The end of the execution of the analytical thermal fluid model occurs (step 150) when a convergence criteria is verified (such that the stability of the temperature and pressure estimated across the reservoir or the pressure and/or temperature inside the reservoir have reached a predefined target).

The analytical thermal fluid model provides actual time evolution profiles of all the properties in the reservoir and well(s).

Advantageously, one or several quantities characterizing the performances of the reservoir are calculated in step 160. The quantity calculated is for example an injectivity per well, a time evolution of injectivity per well, a total storage capacity, a containment integrity risk and/or a well integrity risk, etc.

For example, the injectivity of the well(s) into the reservoir is computed by the time integration of flow rate of the fluid injected into the reservoir according to the analytical thermal flow model.

This method may be executed several times, each time with a different set of values of the injection parameters, or time profile of the injection parameters, to assess the effect of these modifications on the performances of the reservoir.

Even if the preferred embodiment disclosed above is focusing on CCS, the present method could be applied for any type of underground or subsurface reservoir and fluid injection, such as water injection, cold water injection, hydraulic fracking, gas storage, dense fluid injection, etc.

The method is still valid if there is no access to temperature modelling. Indeed, some fluid injections could be understood as isothermal injections and still, fractures are possible and could be modelled with this method. These would not be called TIF, but these would still be fractures with the same impact and could be modelled in the same way.

The fracture function takes as inputs only rock, reservoir, well and fluid properties, and not an injection profile.
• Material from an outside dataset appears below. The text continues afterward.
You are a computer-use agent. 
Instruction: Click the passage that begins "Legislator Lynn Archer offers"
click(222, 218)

In an alternative embodiment, where the measured data are provided with uncertainties, the fracture function can be viewed as a parametrical function on these measured data.

This invention is a pragmatic workflow to dynamically integrate the geomechanical features with thermal fluid flow effects in a reservoir simulation in order to gain understanding of the fracture phenomenon with minimal increases in either computation time and complexity. Such a new workflow must be based on fluid physics, geomechanics and good practical sense of modelling. Indeed, time evolution of TIF is a very important issue that could be tackled by such an approach, since the geomechanical system would be approximately solved in each and every timestep, covering the evolution of the reservoir over the time scope of the project.
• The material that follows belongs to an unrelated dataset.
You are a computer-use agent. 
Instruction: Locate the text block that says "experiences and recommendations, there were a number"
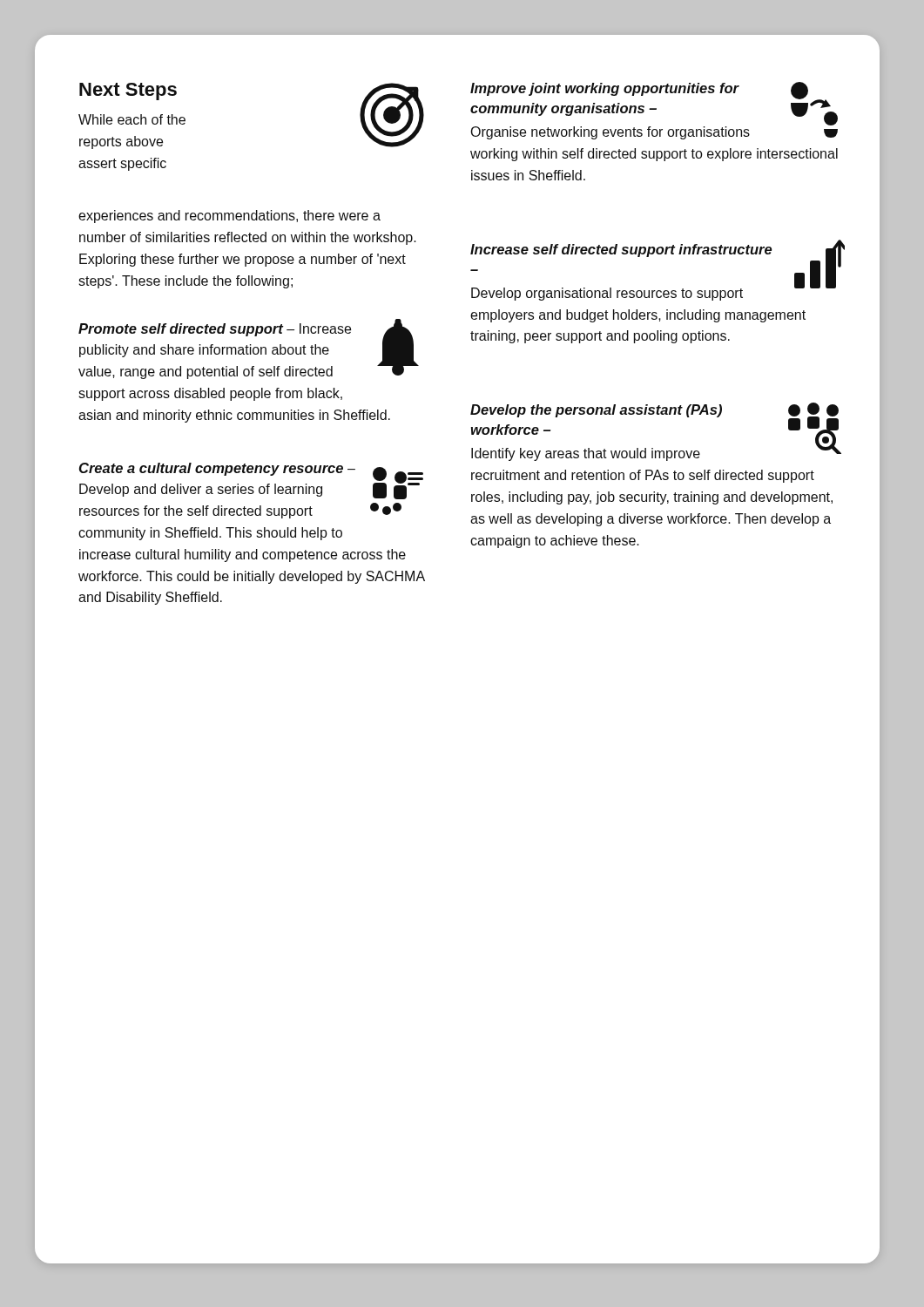253,249

The simulation according to the present invention establishes a viable approach (i.e. realistic in workflow and simulation times) to capture the onset and effects of the thermally induced fractures on fluid flow in the reservoir.

As it will be apparent for the person skilled in the art, the input and the computation data at each time step are all either constants of the reservoir or in situ time step calculated data by the flow simulation. Therefore, the preprocessing of the TIF modelling input data is not iterative, but rather a one step process. Once the geomechanics calculation methods are provided, the simulations are autonomous and do not need to cycle back to geomechanics except for reservoir eventual model updates.
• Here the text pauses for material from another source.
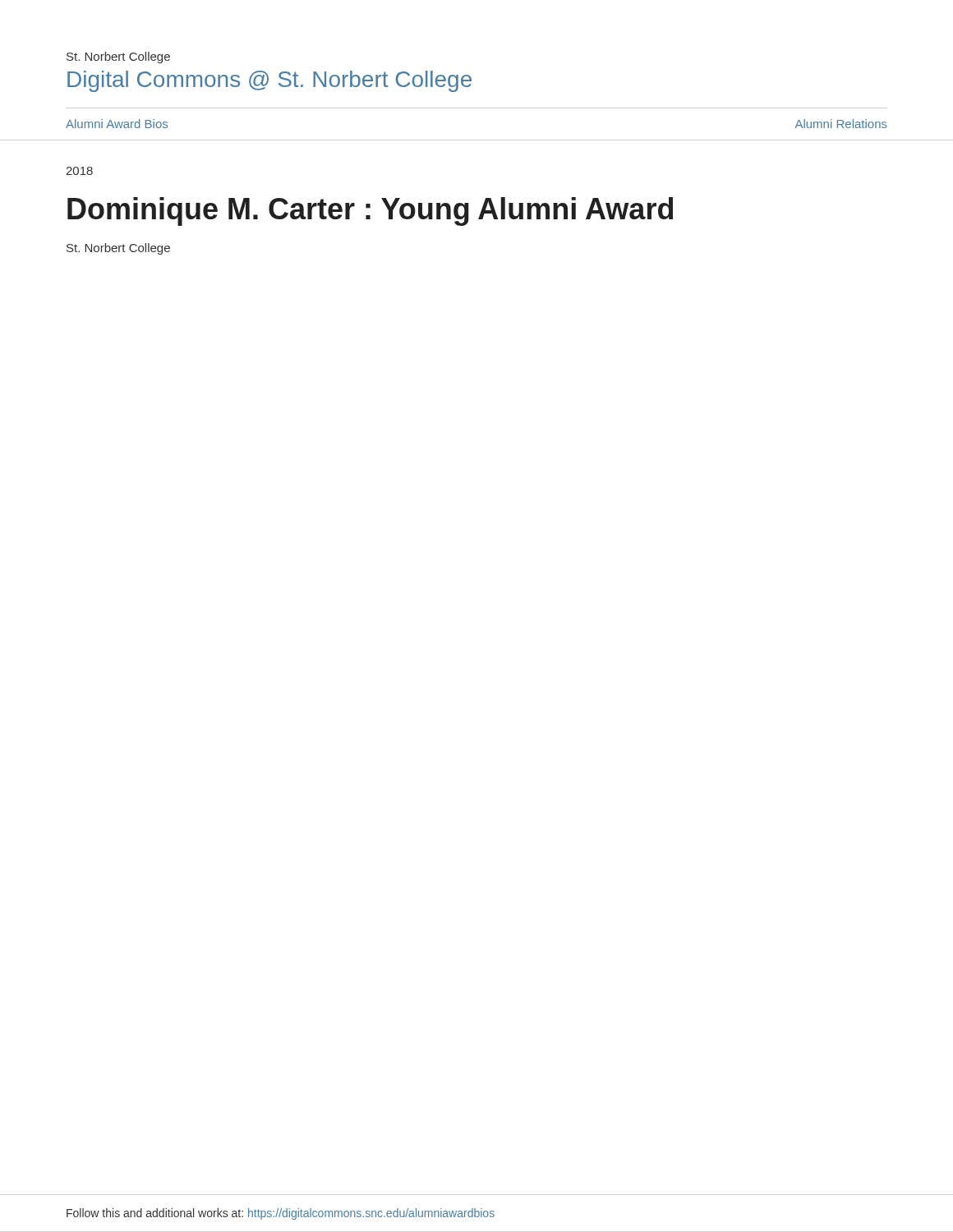Find "Alumni Award Bios" on this page
The width and height of the screenshot is (953, 1232).
(117, 124)

This allows taking into account the apparition of said fractures for the operation of the well.

While the fracture function could be called by a single flagged cell or any other process in the reservoir simulator, the result of the call is fully independent of the caller and depends on the data provided, by the caller, as input of the calculation. Indeed, a set of data values has to be provided each time the fracture function is called. These values will be taken from the reservoir simulator at the current time step.